When it comes to cardiovascular life support, one of the main steps is to find a solution for patients who can’t breathe for themselves. In the most basic form, a rescuer will breathe into the patient’s mouth and provide some oxygen through exhaled air. However, the rescuer must establish an airway as there has to be a direct connection between the flow of air and the patient’s lungs.
Oropharyngeal and nasopharyngeal airways are adjuncts that can be sued to obtain and maintain an open airway in a life support situation. One of the most critical decisions you will have to make when trying to save someone’s life is when to secure an advanced airway. It’s a crucial decision and must be quick, appropriate and effective. Here is what you need to know about these two interventions and their pros and cons.
Oropharyngeal vs Nasopharyngeal Airways
The decision to intubate is the first step in the placement of an advanced airway. It should be based on your primary survey, including the patient’s O2 saturation and vital signs as well. When a patient is in respiratory distress, he or she will present signs and symptoms such as the following.
- Mild anxiety
- Normal LOC
- Chest tightness
- Decreased O2 saturation
- Altered breath sounds
- Cyanosis (if present, should be minimal)

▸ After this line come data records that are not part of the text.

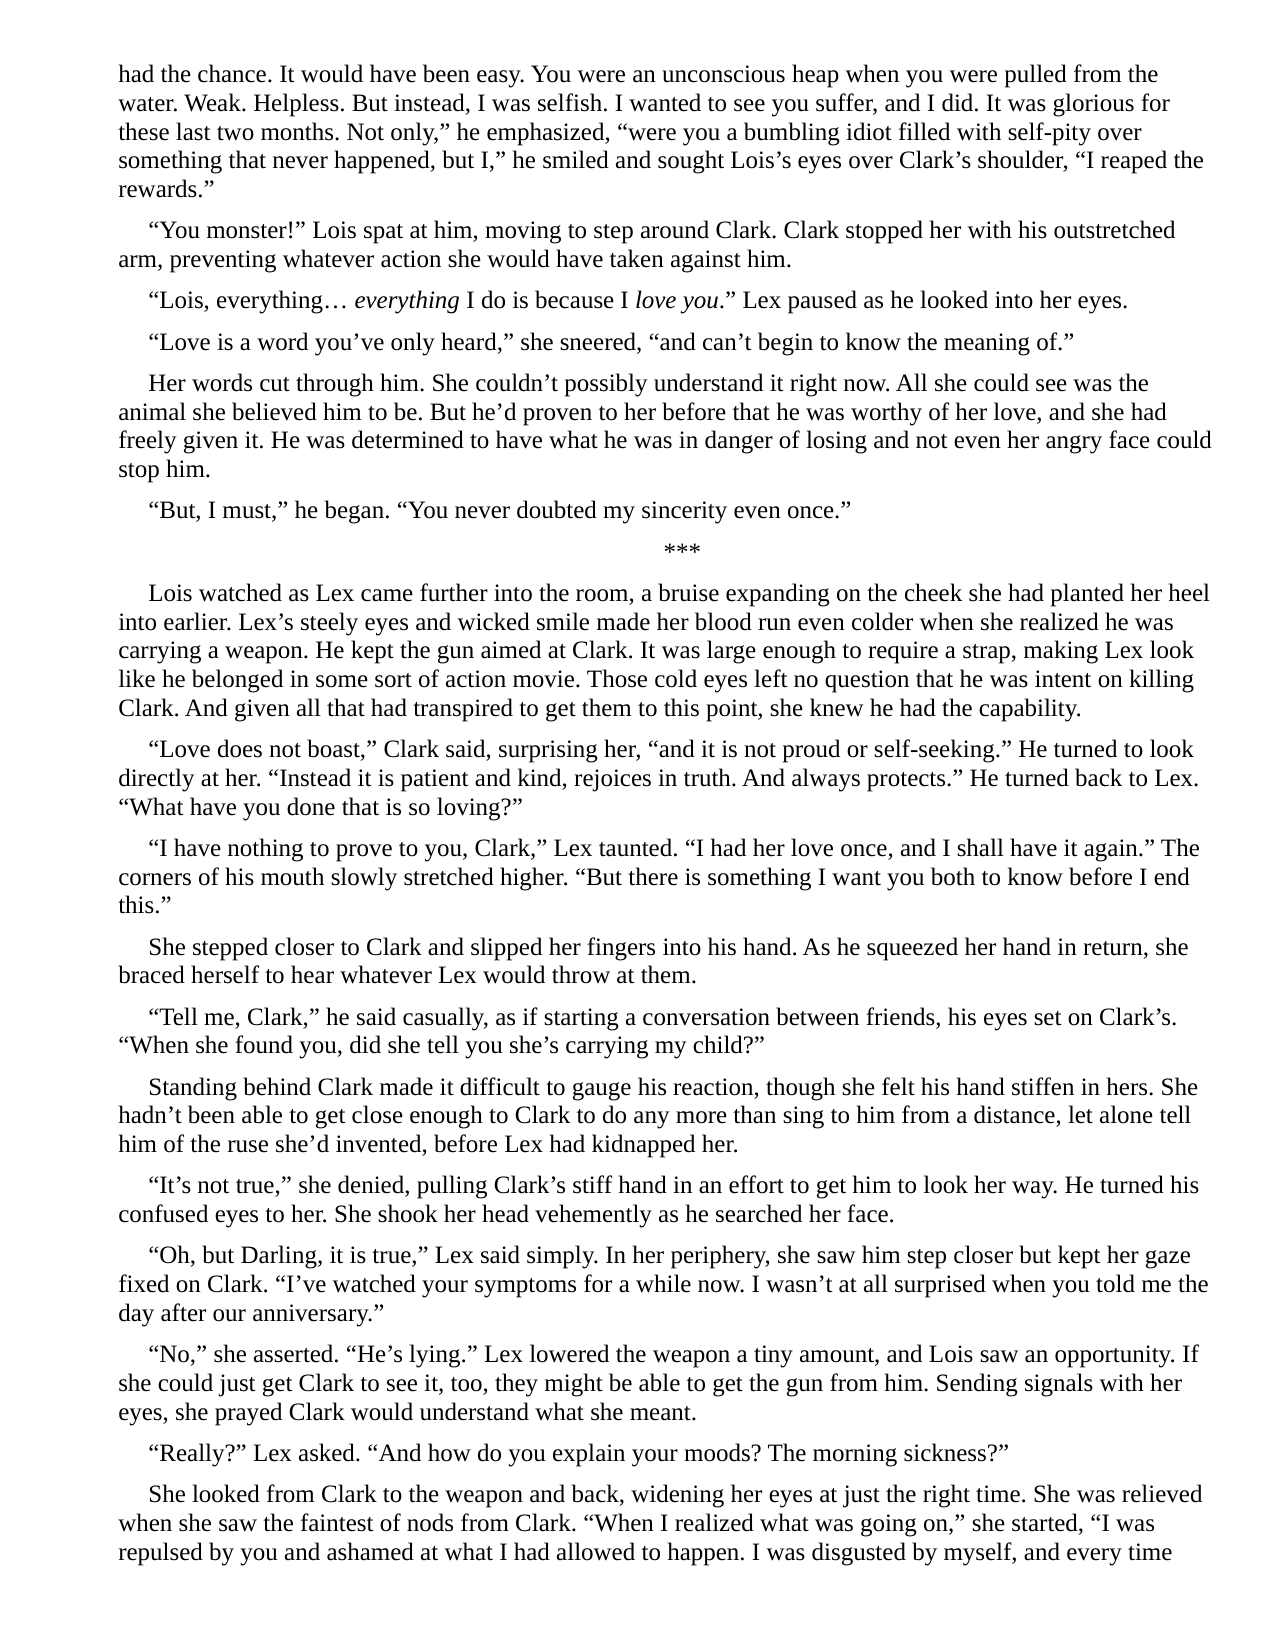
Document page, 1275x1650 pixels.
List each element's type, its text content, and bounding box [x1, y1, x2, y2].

text She stepped closer to Clark and slipped her fingers into his hand. As he squeezed her hand in return, she braced herself to hear whatever Lex would throw at them. [118, 932, 1216, 989]
text had the chance. It would have been easy. You were an unconscious heap when you were pulled from the water. Weak. Helpless. But instead, I was selfish. I wanted to see you suffer, and I did. It was glorious for these last two months. Not only,” he emphasized, “were you a bumbling idiot filled with self-pity over something that never happened, but I,” he smiled and sought Lois’s eyes over Clark’s shoulder, “I reaped the rewards.” [118, 59, 1216, 203]
text Standing behind Clark made it difficult to gauge his reaction, though she felt his hand stiffen in hers. She hadn’t been able to get close enough to Clark to do any more than sing to him from a distance, let alone tell him of the ruse she’d invented, before Lex had kidnapped her. [118, 1072, 1216, 1158]
text “But, I must,” he began. “You never doubted my sincerity even once.” [118, 495, 1216, 524]
text She looked from Clark to the weapon and back, widening her eyes at just the right time. She was relieved when she saw the faintest of nods from Clark. “When I realized what was going on,” she started, “I was repulsed by you and ashamed at what I had allowed to happen. I was disgusted by myself, and every time [118, 1479, 1216, 1565]
text “It’s not true,” she denied, pulling Clark’s stiff hand in an effort to get him to look her way. He turned his confused eyes to her. She shook her head vehemently as he searched her face. [118, 1170, 1216, 1228]
text “I have nothing to prove to you, Clark,” Lex taunted. “I had her love once, and I shall have it again.” The corners of his mouth slowly stretched higher. “But there is something I want you both to know before I end this.” [118, 833, 1216, 919]
text “Lois, everything… everything I do is because I love you.” Lex paused as he looked into her eyes. [118, 285, 1216, 314]
text “Tell me, Clark,” he said casually, as if starting a conversation between friends, his eyes set on Clark’s. “When she found you, did she tell you she’s carrying my child?” [118, 1002, 1216, 1059]
text “Love does not boast,” Clark said, surprising her, “and it is not proud or self-seeking.” He turned to look directly at her. “Instead it is patient and kind, rejoices in truth. And always protects.” He turned back to Lex. “What have you done that is so loving?” [118, 734, 1216, 820]
text “Really?” Lex asked. “And how do you explain your moods? The morning sickness?” [118, 1438, 1216, 1467]
text “Love is a word you’ve only heard,” she sneered, “and can’t begin to know the meaning of.” [118, 327, 1216, 355]
text “You monster!” Lois spat at him, moving to step around Clark. Clark stopped her with his outstretched arm, preventing whatever action she would have taken against him. [118, 215, 1216, 273]
text “No,” she asserted. “He’s lying.” Lex lowered the weapon a tiny amount, and Lois saw an opportunity. If she could just get Clark to see it, too, they might be able to get the gun from him. Sending signals with her eyes, she prayed Clark would understand what she meant. [118, 1339, 1216, 1425]
text Her words cut through him. She couldn’t possibly understand it right now. All she could see was the animal she believed him to be. But he’d proven to her before that he was worthy of her love, and she had freely given it. He was determined to have what he was in danger of losing and not even her angry face could stop him. [118, 368, 1216, 483]
text Lois watched as Lex came further into the room, a bruise expanding on the cheek she had planted her heel into earlier. Lex’s steely eyes and wicked smile made her blood run even colder when she realized he was carrying a weapon. He kept the gun aimed at Clark. It was large enough to require a strap, making Lex look like he belonged in some sort of action movie. Those cold eyes left no question that he was intent on killing Clark. And given all that had transpired to get them to this point, she knew he had the capability. [118, 578, 1216, 722]
text “Oh, but Darling, it is true,” Lex said simply. In her periphery, she saw him step closer but kept her gaze fixed on Clark. “I’ve watched your symptoms for a while now. I wasn’t at all surprised when you told me the day after our anniversary.” [118, 1240, 1216, 1327]
text *** [118, 537, 1216, 565]
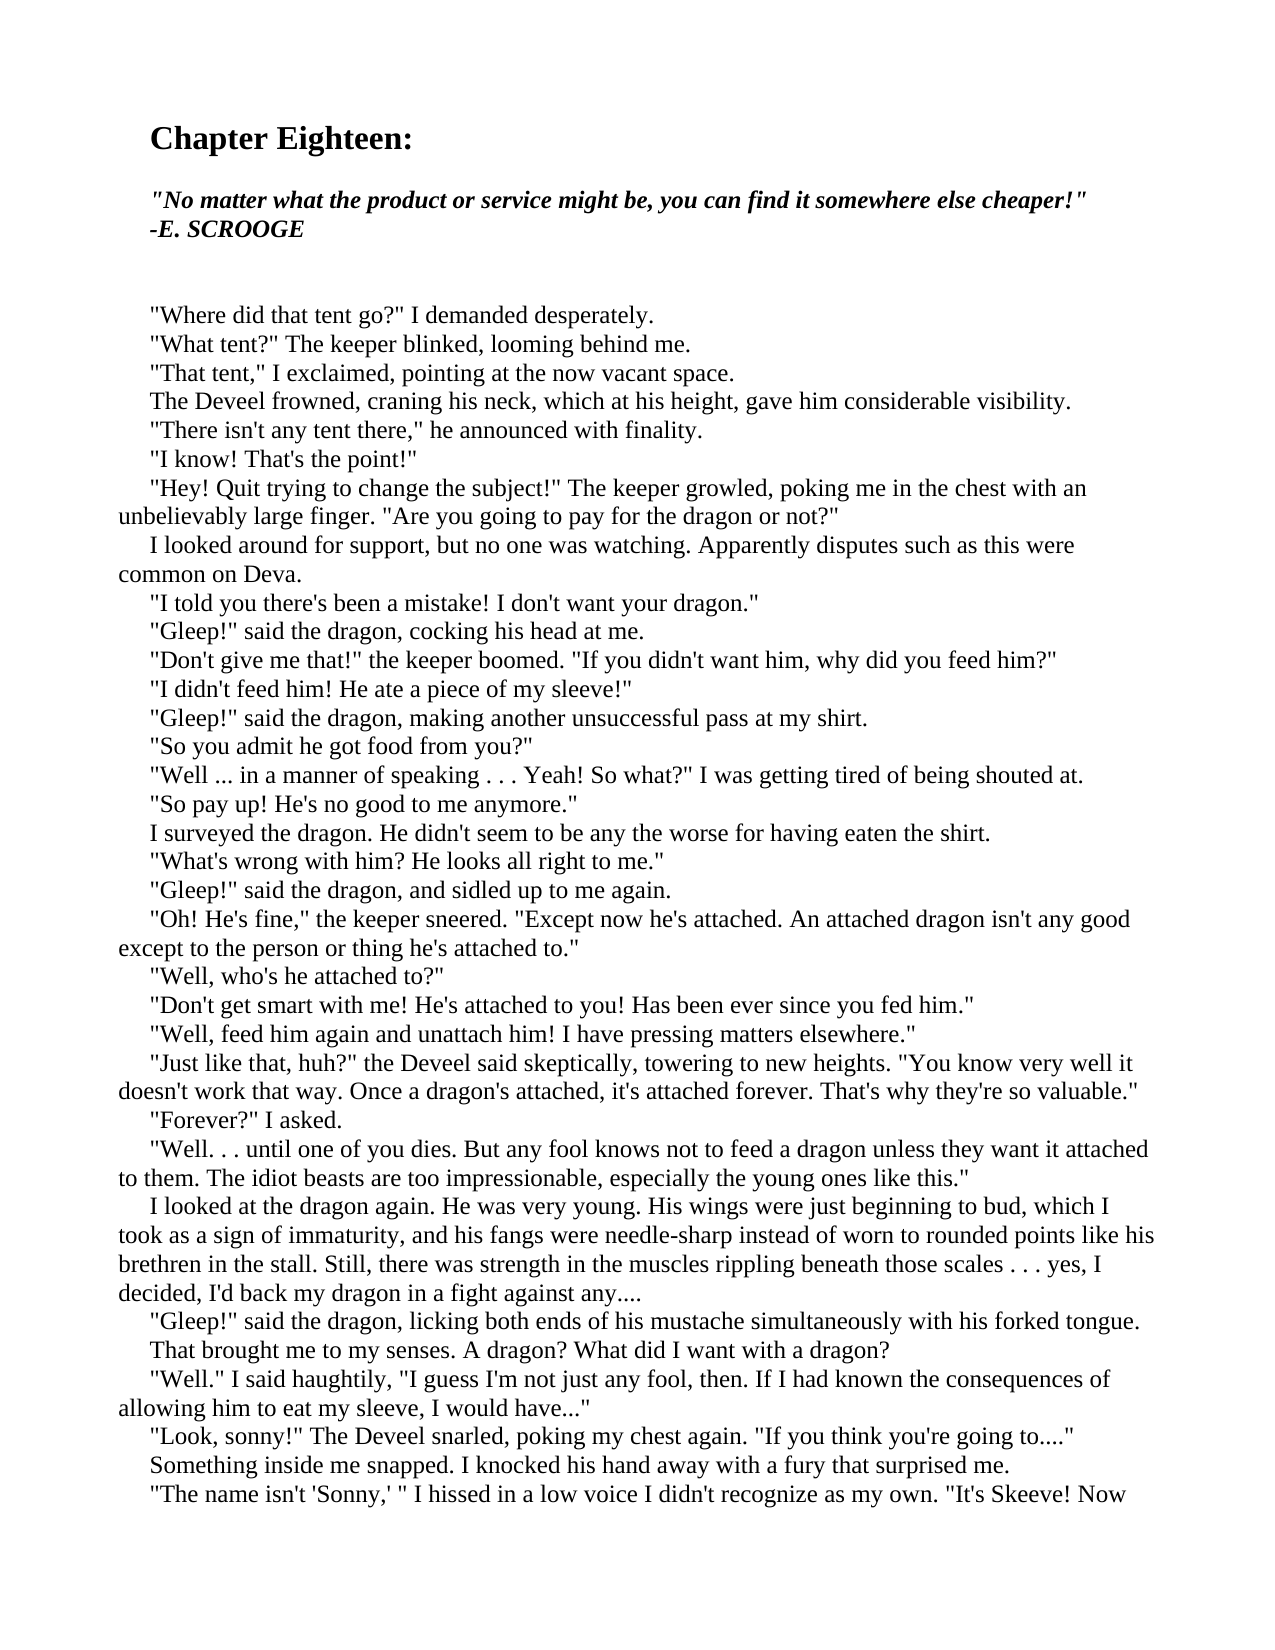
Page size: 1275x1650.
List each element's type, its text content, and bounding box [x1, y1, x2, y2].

text "Well, feed him again and unattach him! I have pressing matters elsewhere." [118, 1019, 1157, 1048]
text "Gleep!" said the dragon, cocking his head at me. [118, 616, 1157, 645]
subtitle Chapter Eighteen: [118, 118, 1157, 156]
text "Look, sonny!" The Deveel snarled, poking my chest again. "If you think you're going to...." [118, 1421, 1157, 1450]
text "Well. . . until one of you dies. But any fool knows not to feed a dragon unless they want it attached to them. The idiot beasts are too impressionable, especially the young ones like this." [118, 1134, 1157, 1191]
text "Well ... in a manner of speaking . . . Yeah! So what?" I was getting tired of being shouted at. [118, 760, 1157, 789]
text "I didn't feed him! He ate a piece of my sleeve!" [118, 674, 1157, 703]
text "Oh! He's fine," the keeper sneered. "Except now he's attached. An attached dragon isn't any good except to the person or thing he's attached to." [118, 904, 1157, 961]
text I surveyed the dragon. He didn't seem to be any the worse for having eaten the shirt. [118, 818, 1157, 846]
text "Don't give me that!" the keeper boomed. "If you didn't want him, why did you feed him?" [118, 645, 1157, 674]
text The Deveel frowned, craning his neck, which at his height, gave him considerable visibility. [118, 386, 1157, 415]
text "So pay up! He's no good to me anymore." [118, 789, 1157, 818]
text "What tent?" The keeper blinked, looming behind me. [118, 329, 1157, 358]
text "I told you there's been a mistake! I don't want your dragon." [118, 588, 1157, 616]
text "There isn't any tent there," he announced with finality. [118, 415, 1157, 444]
text "Hey! Quit trying to change the subject!" The keeper growled, poking me in the chest with an unbelievably large finger. "Are you going to pay for the dragon or not?" [118, 473, 1157, 530]
text "So you admit he got food from you?" [118, 731, 1157, 760]
text "Where did that tent go?" I demanded desperately. [118, 300, 1157, 329]
text Something inside me snapped. I knocked his hand away with a fury that surprised me. [118, 1450, 1157, 1479]
text "Well." I said haughtily, "I guess I'm not just any fool, then. If I had known the consequences of allowing him to eat my sleeve, I would have..." [118, 1364, 1157, 1421]
text "No matter what the product or service might be, you can find it somewhere else cheaper!" [118, 185, 1157, 214]
text "That tent," I exclaimed, pointing at the now vacant space. [118, 358, 1157, 386]
text "Just like that, huh?" the Deveel said skeptically, towering to new heights. "You know very well it doesn't work that way. Once a dragon's attached, it's attached forever. That's why they're so valuable." [118, 1048, 1157, 1105]
text "What's wrong with him? He looks all right to me." [118, 846, 1157, 875]
text "I know! That's the point!" [118, 444, 1157, 473]
text -E. SCROOGE [118, 214, 1157, 243]
text "Don't get smart with me! He's attached to you! Has been ever since you fed him." [118, 990, 1157, 1019]
text I looked at the dragon again. He was very young. His wings were just beginning to bud, which I took as a sign of immaturity, and his fangs were needle-sharp instead of worn to rounded points like his brethren in the stall. Still, there was strength in the muscles rippling beneath those scales . . . yes, I decided, I'd back my dragon in a fight against any.... [118, 1191, 1157, 1306]
text "The name isn't 'Sonny,' " I hissed in a low voice I didn't recognize as my own. "It's Skeeve! Now [118, 1479, 1157, 1508]
text "Gleep!" said the dragon, making another unsuccessful pass at my shirt. [118, 703, 1157, 731]
text "Gleep!" said the dragon, licking both ends of his mustache simultaneously with his forked tongue. [118, 1306, 1157, 1335]
text I looked around for support, but no one was watching. Apparently disputes such as this were common on Deva. [118, 530, 1157, 588]
text "Forever?" I asked. [118, 1105, 1157, 1134]
text That brought me to my senses. A dragon? What did I want with a dragon? [118, 1335, 1157, 1364]
text "Well, who's he attached to?" [118, 961, 1157, 990]
text "Gleep!" said the dragon, and sidled up to me again. [118, 875, 1157, 904]

While these signs may not be serious enough to warrant an oropharyngeal or nasopharyngeal airway, a patient who is approaching failure will present the following symptoms, which indicate the need for immediate airway intervention.
- Altered mental status, and if it’s less than 8, you need to intubate immediately
- Tachycardia, more than 130 bpm
- Use of accessory muscles/retraction
- Absent breath sounds
- Abnormal respiratory patterns
- Decreased O2 saturation
- Diaphoresis and pale skin
Intubation has several advantages for controlling the airway. For oral intubation, you can opt for oropharyngeal airway, while for nasal intubation, you can choose nasopharyngeal airway. Following your patient assessment, you can determine if oral or nasal intubation will be the best choice for controlling the airway.
What is an Oropharyngeal Airway Used for?
As the name implies, an oropharyngeal airway (OPA) is placed in the patient’s mouth and the distal end should stop at the level of the pharynx. It’s also known as an oral airway, a Guedel pattern airway or Guedel airway, named after the original designer Arthur Guedel.
It’s safe to use this airway in a deeply unresponsive patient, unconscious patient or an anesthetised patient because the gag reflex is depressed and will prevent gagging and vomiting of gastric contents. Oropharyngeal airways come in different sizes and you need to make sure to pick the right size for your patient.
The easiest way to get a rough sense of the size needed is by placing the airway at the side of the patient’s face and seeing whether it will extend into the pharynx. If the distal part of the airway reaches the mandible and the flange is at the patient’s lips, then you have the right size. When placing the OPA, it’s important to not press the tongue into the airway.
Before inserting the OPA, clear the patient’s mouth of secretions such as blood, vomit or sputum using a suction catheter. Then place the OPA in the mouth with the curved end towards the hard palate or the roof of the mouth. You can turn the curve of the device 90 or 180 respective to its final position before inserting it. Once the airway is advanced into the pharynx, then the device can be rotated into place.
What is a Nasopharyngeal Airway Used for?
A nasopharyngeal airway (NPA) is inserted through the patient’s nose and the distal end stops at the level of the pharynx. It’s also referred to as a nasal airway, NPAT or nasopharyngeal airway tube or nasal trumpet.
This type of airway has some advantages over the OPA as it can be used in a conscious, unconscious or semi-conscious patient since it doesn’t stimulate the gag reflex as an OPA does. Also, an NPA can be used in patients with mouth trauma, where an OPA can’t or shouldn’t be used.
Same as oropharyngeal airways, nasopharyngeal airways come in different sizes and to get a rough sense of the right size, you can follow the same approach as mentioned above. Place the airway at the side of the patient’s face and align it with the nose instead of the mouth. To determine the right size, measure from the tip of the patient’s nose to the tip of their earlobe. Always choose an NPA that has a diameter a little smaller than the patient’s nares.
When inserting an NPA, it’s important to remember that the nostrils extend posteriorly, not caudally, meaning that the tube should be placed towards the back of the head and not towards the top of the head. Make sure to lubricate the NPA before inserting it with a water-based lubricant to facilitate a less traumatic insertion. Once the NPA is inserted, the flange should rest on the nostril opening.
Using advanced airways has a lot of advantages, however, there are some contraindications you should be aware of. Using an OPA on a conscious patient with an intact gag reflex is contraindicated. A patient that can cough still has a gag reflex and using an OPA is not recommended. Also, if the patient has a foreign body obstructing the airway, avoid using an OPA.
An NPA, on the other hand, should not be used on a patient who has an actively bleeding nose or nasal fracture. Sometimes slight bleeding may occur when you insert the NPA and it should be wiped away or suctioned right away.